-- Data excerpts --
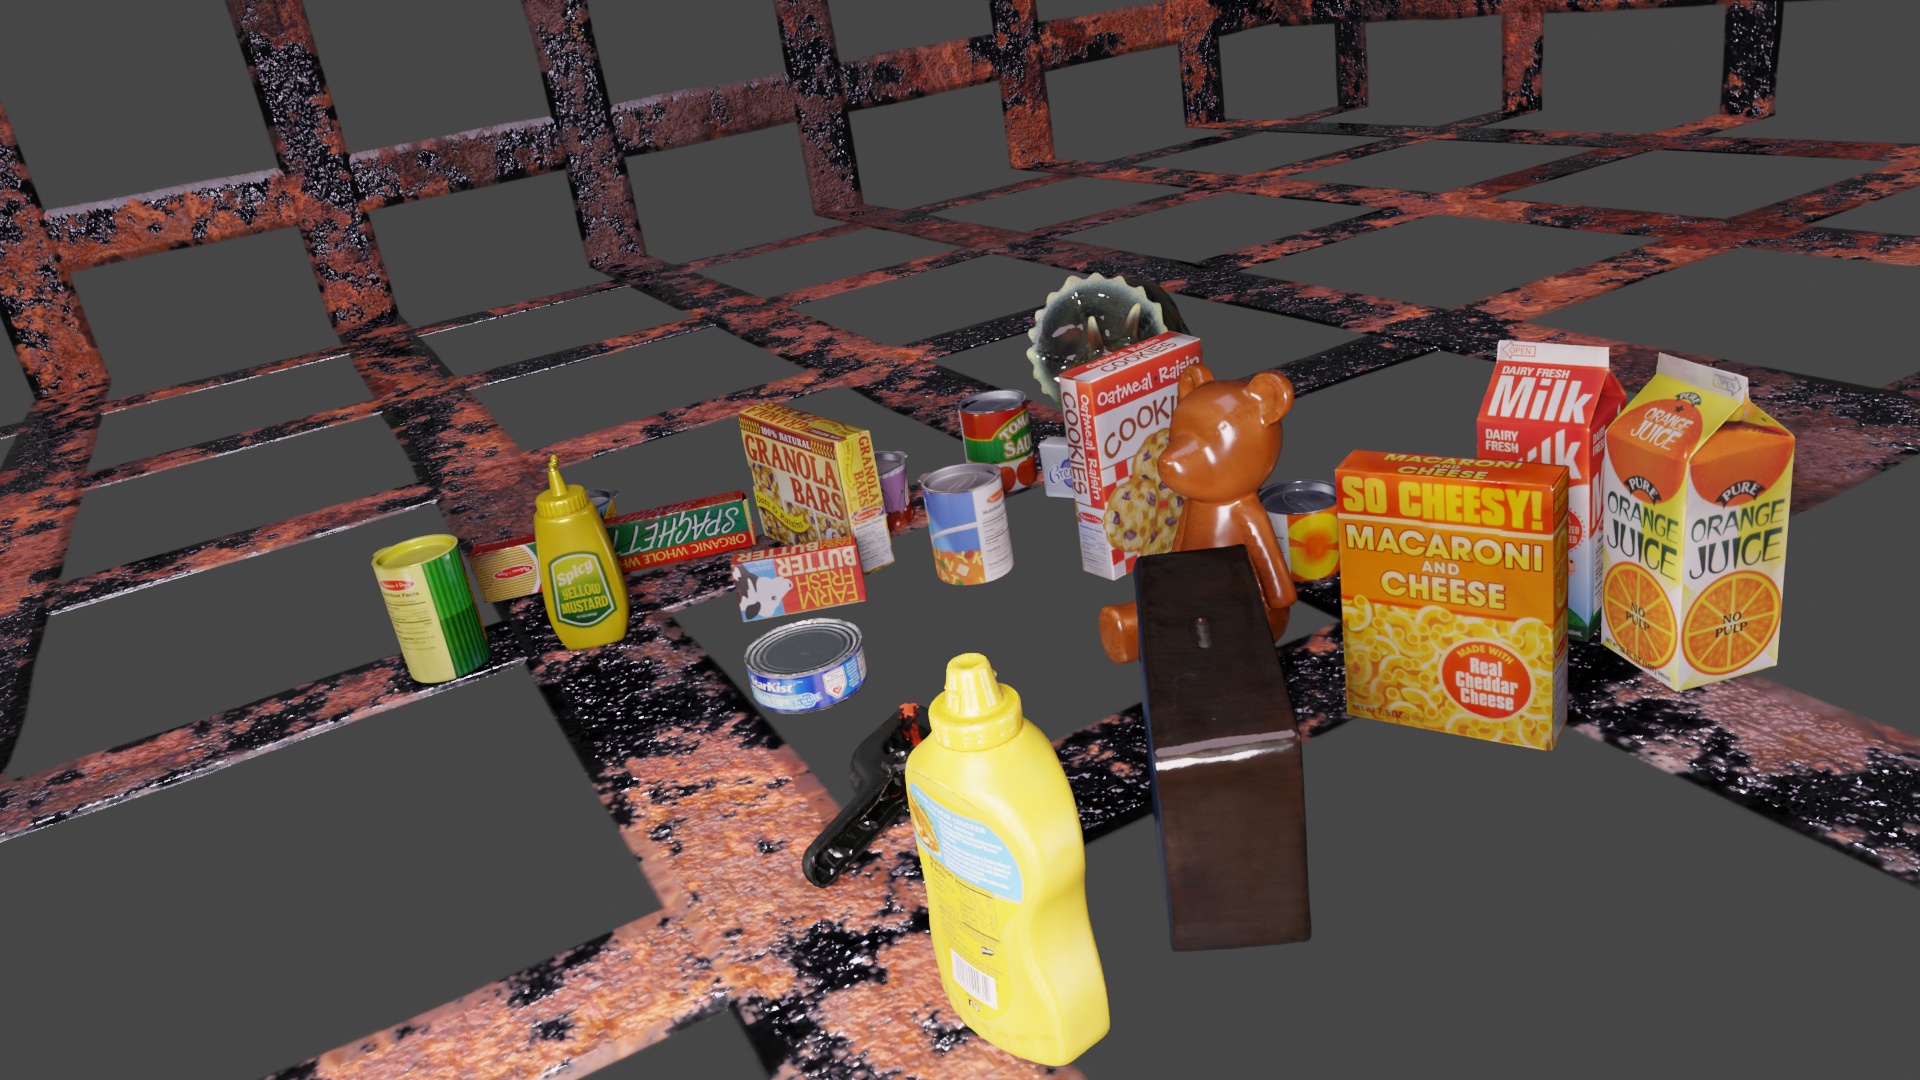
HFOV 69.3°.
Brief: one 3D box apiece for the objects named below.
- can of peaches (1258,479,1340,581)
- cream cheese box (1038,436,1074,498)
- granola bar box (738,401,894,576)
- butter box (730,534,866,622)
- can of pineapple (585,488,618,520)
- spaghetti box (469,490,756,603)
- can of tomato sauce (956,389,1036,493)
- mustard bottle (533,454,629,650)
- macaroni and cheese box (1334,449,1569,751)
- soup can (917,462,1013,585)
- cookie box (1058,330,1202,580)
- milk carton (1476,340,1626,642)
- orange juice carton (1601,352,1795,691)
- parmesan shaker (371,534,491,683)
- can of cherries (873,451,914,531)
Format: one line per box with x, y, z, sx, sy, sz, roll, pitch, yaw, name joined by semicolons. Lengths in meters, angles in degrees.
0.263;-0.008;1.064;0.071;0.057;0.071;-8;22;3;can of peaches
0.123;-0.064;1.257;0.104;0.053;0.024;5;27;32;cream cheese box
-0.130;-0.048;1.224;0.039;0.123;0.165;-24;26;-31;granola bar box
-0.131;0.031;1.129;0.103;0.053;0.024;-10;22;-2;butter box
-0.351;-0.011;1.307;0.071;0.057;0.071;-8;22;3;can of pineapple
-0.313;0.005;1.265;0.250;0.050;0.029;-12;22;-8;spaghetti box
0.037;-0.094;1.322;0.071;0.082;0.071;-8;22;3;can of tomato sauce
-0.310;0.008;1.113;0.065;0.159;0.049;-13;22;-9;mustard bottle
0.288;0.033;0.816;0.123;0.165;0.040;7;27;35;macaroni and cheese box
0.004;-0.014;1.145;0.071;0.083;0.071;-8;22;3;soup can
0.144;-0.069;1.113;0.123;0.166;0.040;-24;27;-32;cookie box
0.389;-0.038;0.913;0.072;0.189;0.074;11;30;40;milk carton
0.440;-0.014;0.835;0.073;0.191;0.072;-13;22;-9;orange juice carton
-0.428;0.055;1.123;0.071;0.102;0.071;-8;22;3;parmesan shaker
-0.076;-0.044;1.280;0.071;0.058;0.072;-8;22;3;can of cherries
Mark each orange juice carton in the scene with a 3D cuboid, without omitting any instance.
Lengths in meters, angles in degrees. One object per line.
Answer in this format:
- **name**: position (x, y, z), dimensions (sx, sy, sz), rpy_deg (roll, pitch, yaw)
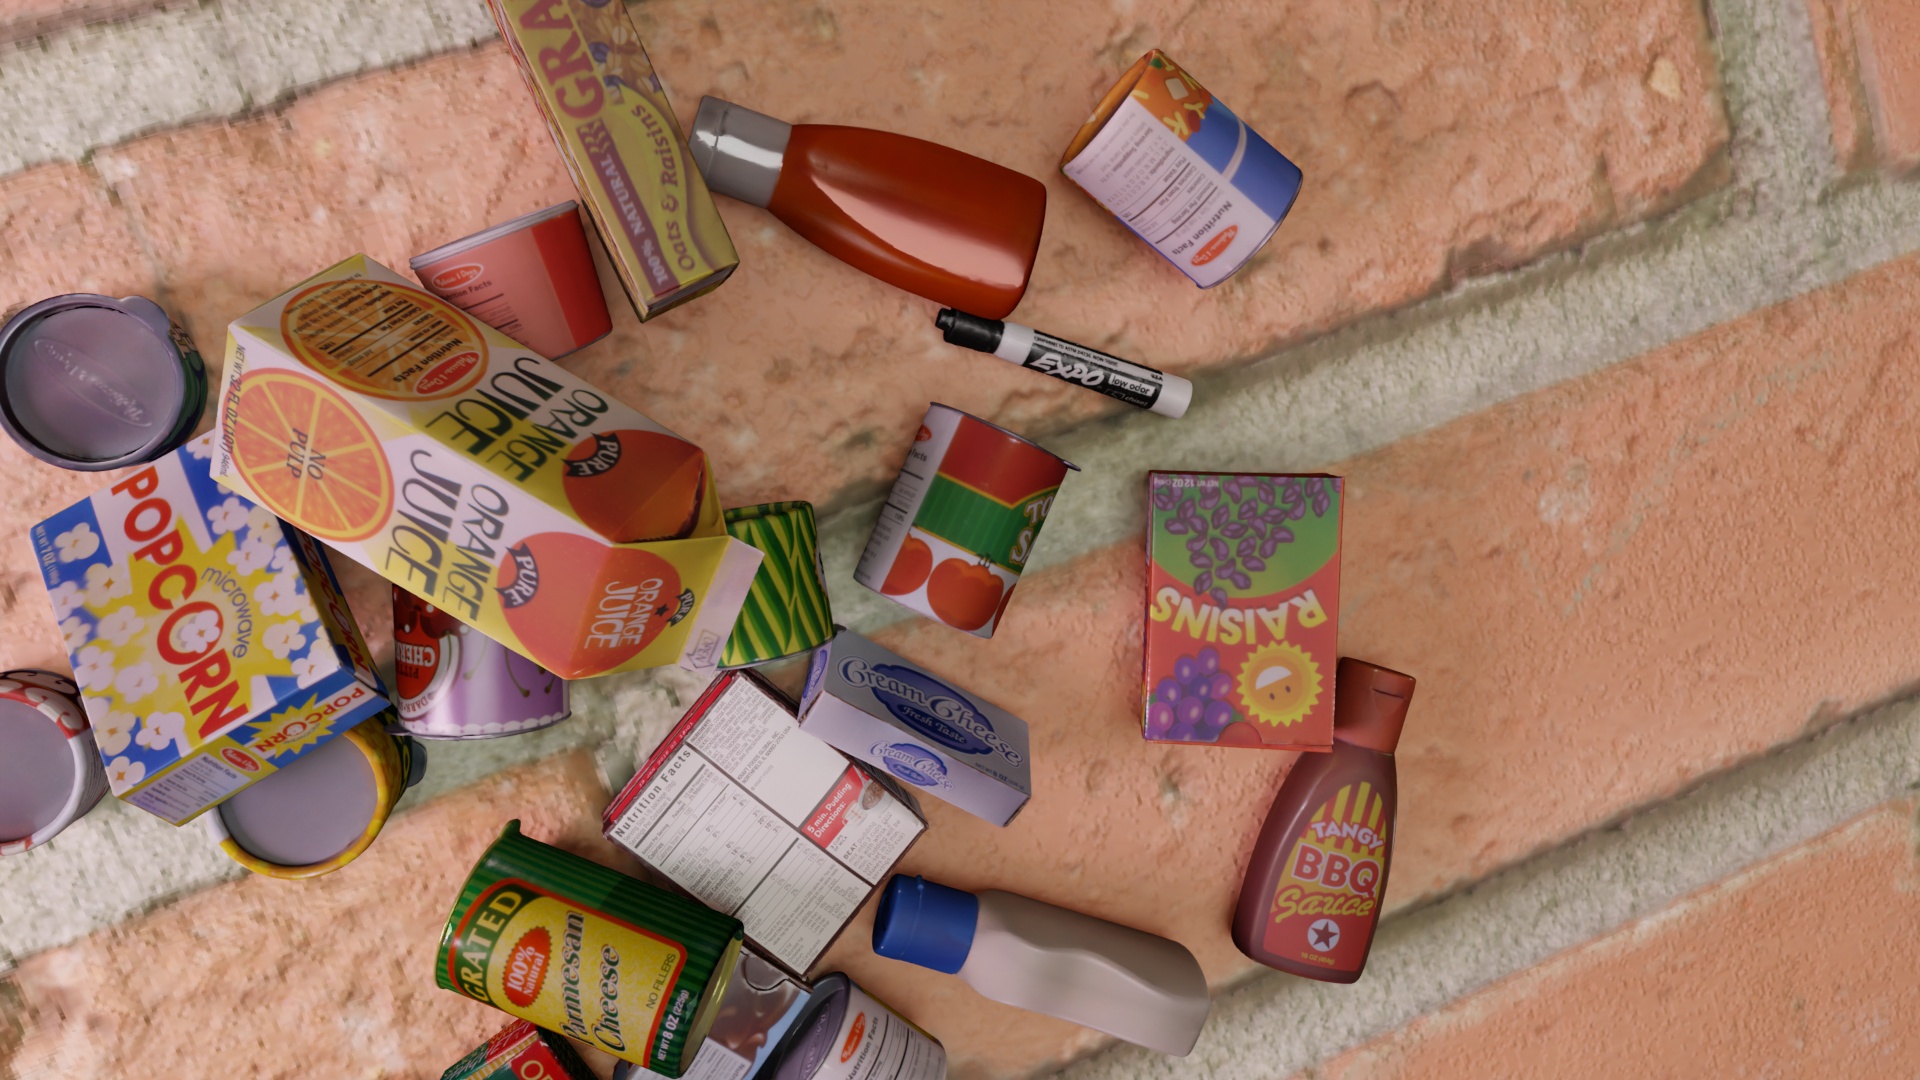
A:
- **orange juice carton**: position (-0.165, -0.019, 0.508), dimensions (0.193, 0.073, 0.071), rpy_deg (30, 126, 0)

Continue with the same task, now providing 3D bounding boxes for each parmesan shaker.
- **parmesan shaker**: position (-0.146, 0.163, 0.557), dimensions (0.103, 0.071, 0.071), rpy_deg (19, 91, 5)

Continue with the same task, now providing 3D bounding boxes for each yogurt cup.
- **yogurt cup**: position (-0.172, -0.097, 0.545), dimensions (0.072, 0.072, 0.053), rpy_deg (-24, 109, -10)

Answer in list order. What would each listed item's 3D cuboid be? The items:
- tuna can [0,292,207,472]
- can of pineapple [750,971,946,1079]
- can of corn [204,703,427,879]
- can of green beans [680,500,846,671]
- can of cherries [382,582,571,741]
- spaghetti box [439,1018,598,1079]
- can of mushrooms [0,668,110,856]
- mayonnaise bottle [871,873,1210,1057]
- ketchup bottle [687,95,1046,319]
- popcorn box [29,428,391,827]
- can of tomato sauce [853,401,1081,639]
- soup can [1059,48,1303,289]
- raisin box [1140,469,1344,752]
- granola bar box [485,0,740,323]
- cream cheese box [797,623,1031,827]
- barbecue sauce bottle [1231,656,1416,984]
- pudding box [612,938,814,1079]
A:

-- Work required --
Leave out the pictures, then repeat the listing above exactly from its first line to the line with "- can of cherries (873,451,914,531)", inclusive.

-- Problem solution --
HFOV 69.3°.
Brief: one 3D box apiece for the objects named below.
- can of peaches (1258,479,1340,581)
- cream cheese box (1038,436,1074,498)
- granola bar box (738,401,894,576)
- butter box (730,534,866,622)
- can of pineapple (585,488,618,520)
- spaghetti box (469,490,756,603)
- can of tomato sauce (956,389,1036,493)
- mustard bottle (533,454,629,650)
- macaroni and cheese box (1334,449,1569,751)
- soup can (917,462,1013,585)
- cookie box (1058,330,1202,580)
- milk carton (1476,340,1626,642)
- orange juice carton (1601,352,1795,691)
- parmesan shaker (371,534,491,683)
- can of cherries (873,451,914,531)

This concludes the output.